La verdadera cultura, dice Deleuze, se hace de encuentros. Pero no de encuentros con personas, sino con cosas. Por eso él odiaba los debates. Porque los encuentros con gente son incluso encuentros con cosas, con lo que hacen, con su encanto, pero no con gente. Pensaba que la filosofía se nutre entonces de encuentros con lo que no es filosofía, pero no para salir de ella sino para continuarla.

Pero si la filosofía nace como una reflexión sobre la diferencia entre la sabiduría y la opinión, ¿es lícito incluir a Deleuze en esta tradición?... Y peor: ¿es apropiado preguntarse qué agrega Deleuze a esta historia cuando, reflexionando sobre la cultura, se expresa sin piedad contra el marketing, la función de autor y el pensamiento abstracto de los periodistas, los malos novelistas y los así llamados “nuevos filósofos”, una posible encarnación a la francesa de los viejos sofistas?

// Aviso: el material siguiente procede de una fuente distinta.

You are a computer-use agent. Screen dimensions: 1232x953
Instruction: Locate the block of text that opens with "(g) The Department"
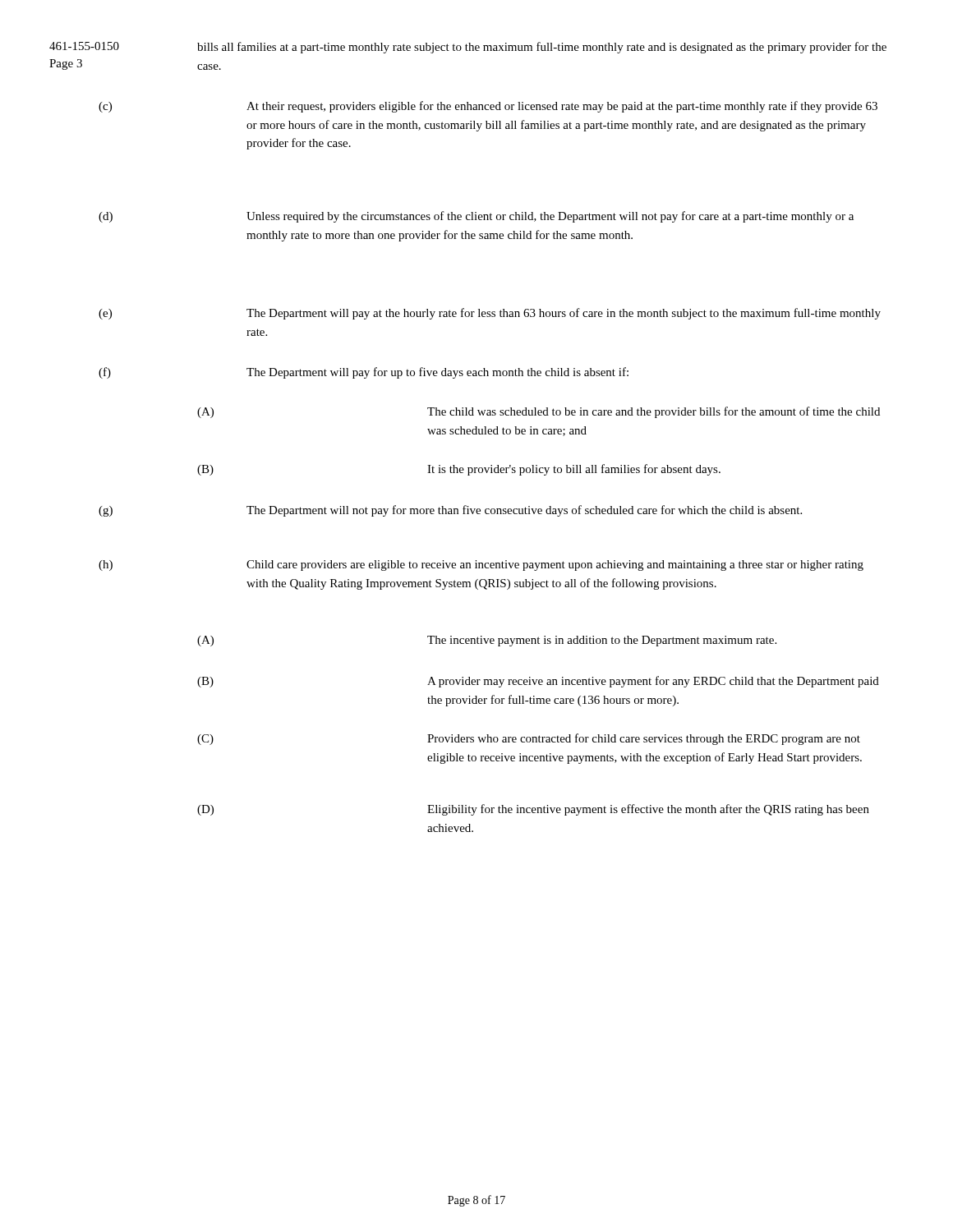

Lo que estaría introduciendo como novedad Deleuze es que la auténtica alternativa no reside entre la sabiduría y la opinión, sino entre una opinión que se pretende sabia – en la que hay que incluir a todos los opinólogos que invaden y acaparan eso que nos hemos resignado a calificar como ‘cultura’ - y una sabiduría que se manifiesta como opinión cuando, como indicó Deleuze, surge de un pensamiento que resulte capaz de mantenerse más allá o más acá de las palabras y las cosas: en el ámbito del sentido.

Continuando con la paradoja, me da la impresión de que desde Deleuze la división tradicional entre sabiduría y doxa se invierte: los amantes de la verdad son en realidad los opinólogos, mientras que al pensador que se abre a lo concreto, a lo singular y al devenir le cabe una definición menor que la de amante de la verdad, ya que no lo anima propiamente ninguna otra intención que no sea la de ser apenas alguien que interviene en los acontecimientos.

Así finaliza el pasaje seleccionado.